“Faith! the answer’s so simple I’m ashamed to give it. The women will rule England—that’s an easy matter; but the Irish will rule the women.”

“Then you are one of the old-fashioned kind who approves of a lord and master?” Gregory Jessup looked up at her quizzically.

“’Tis the new fashion you’re meaning; having gone out so long since, ’tis barely coming in yet. I’d not give a farthing for the man who couldn’t lead me; only, God help him! if he ever leaves his hands off the halter.”

The laugh that followed gave Patsy time to think. There was one more question she must be asking before the others joined them and the conversation became general. She turned to Janet Payne with a little air of anxious inquiry.

“Maybe you’d ask the rascally villain who kidnapped me, when he has it in his mind to keep his promise and fetch me to Arden?”
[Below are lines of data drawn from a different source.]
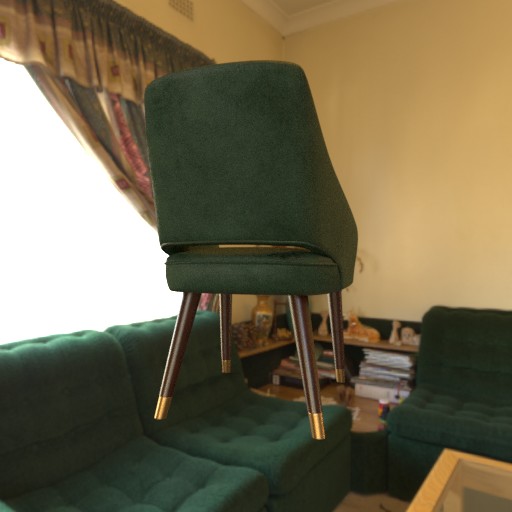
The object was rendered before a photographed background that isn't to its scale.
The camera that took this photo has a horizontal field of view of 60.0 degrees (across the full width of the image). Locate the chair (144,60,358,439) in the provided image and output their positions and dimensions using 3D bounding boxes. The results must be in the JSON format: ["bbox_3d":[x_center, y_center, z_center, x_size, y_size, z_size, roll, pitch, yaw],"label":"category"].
[{"bbox_3d":[0.000,0.000,1.613,0.683,1.081,0.794,0,0,17],"label":"chair"}]
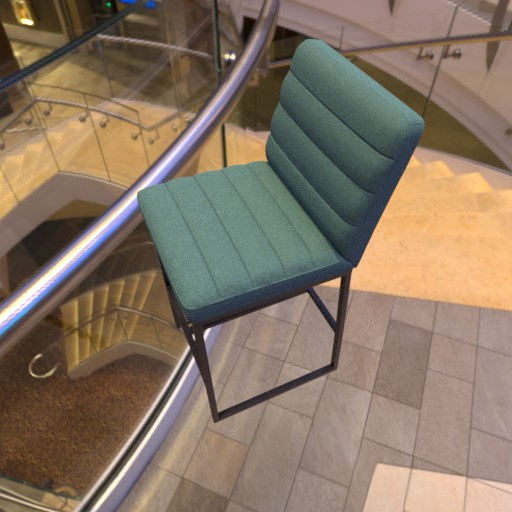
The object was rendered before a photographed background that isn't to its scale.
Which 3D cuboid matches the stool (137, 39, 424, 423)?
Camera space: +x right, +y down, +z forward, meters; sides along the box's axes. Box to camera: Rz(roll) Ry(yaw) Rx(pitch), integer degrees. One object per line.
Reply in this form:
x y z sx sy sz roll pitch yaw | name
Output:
0.000 0.000 1.329 0.560 1.040 0.460 -19 51 -16 | stool
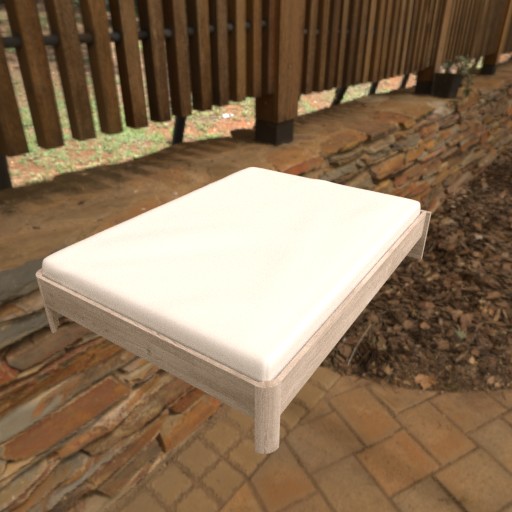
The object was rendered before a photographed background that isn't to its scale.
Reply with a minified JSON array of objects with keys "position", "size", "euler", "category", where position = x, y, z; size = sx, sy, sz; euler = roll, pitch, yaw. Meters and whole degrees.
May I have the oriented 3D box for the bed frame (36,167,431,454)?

As the girl left them Patsy turned toward Gregory Jessup again and asked, softly: “Supposing Billy Burgeman has fallen among strangers? If they saw he was in need of friendliness, would it be so hard to do him a kindness?”

The man shook his head. “The hardest thing in the world. Billy Burgeman has been proud and lonely all his life, and it’s an infernal combination. You may know he’s out and out aching for a bit of sympathy, but you never offer it; you don’t dare. We could never get him to own up as a little shaver how neglected and lonely he was and how he hated to stay in that horrible, gloomy Fifth Avenue house. It wasn’t until he had grown up that he told me he used to come and play as often as they would let him—just because mother used to kiss him good-by as she did her own boys.”

Gregory Jessup looked beyond the firs to the little lake, and there was that in his face which showed that he was wrestling with a treasured memory. When he spoke again his voice sounded as if he had had to grip it hard against a sign of possible emotion.

“You know Billy’s father never gave him an allowance; he didn’t believe in it—wouldn’t trust Billy with a cent. Poor little shaver—never had anything to treat with at school, the way the rest of the boys did; and never even had car-fare—always walked, rain or shine, unless his father took him along with him in the machine. Billy used to say even in those days he liked walking better. Mother died in the winter—snowy time—when Billy was about twelve; and he borrowed a shovel from a corner grocer and cleared stoops all afternoon until he’d made enough to buy two white roses. Father hadn’t broken down all day—wouldn’t let us children show a tear; but when Billy came in with those roses—well, it was the children who finally had to cheer father up.”

Patsy sprang to her feet with a little cry. “I must be going.” She turned to the others, a ring of appeal in her voice. “Can’t we hurry a bit? There’s a deal of work at Arden to be done, and no one but myself to be doing it.”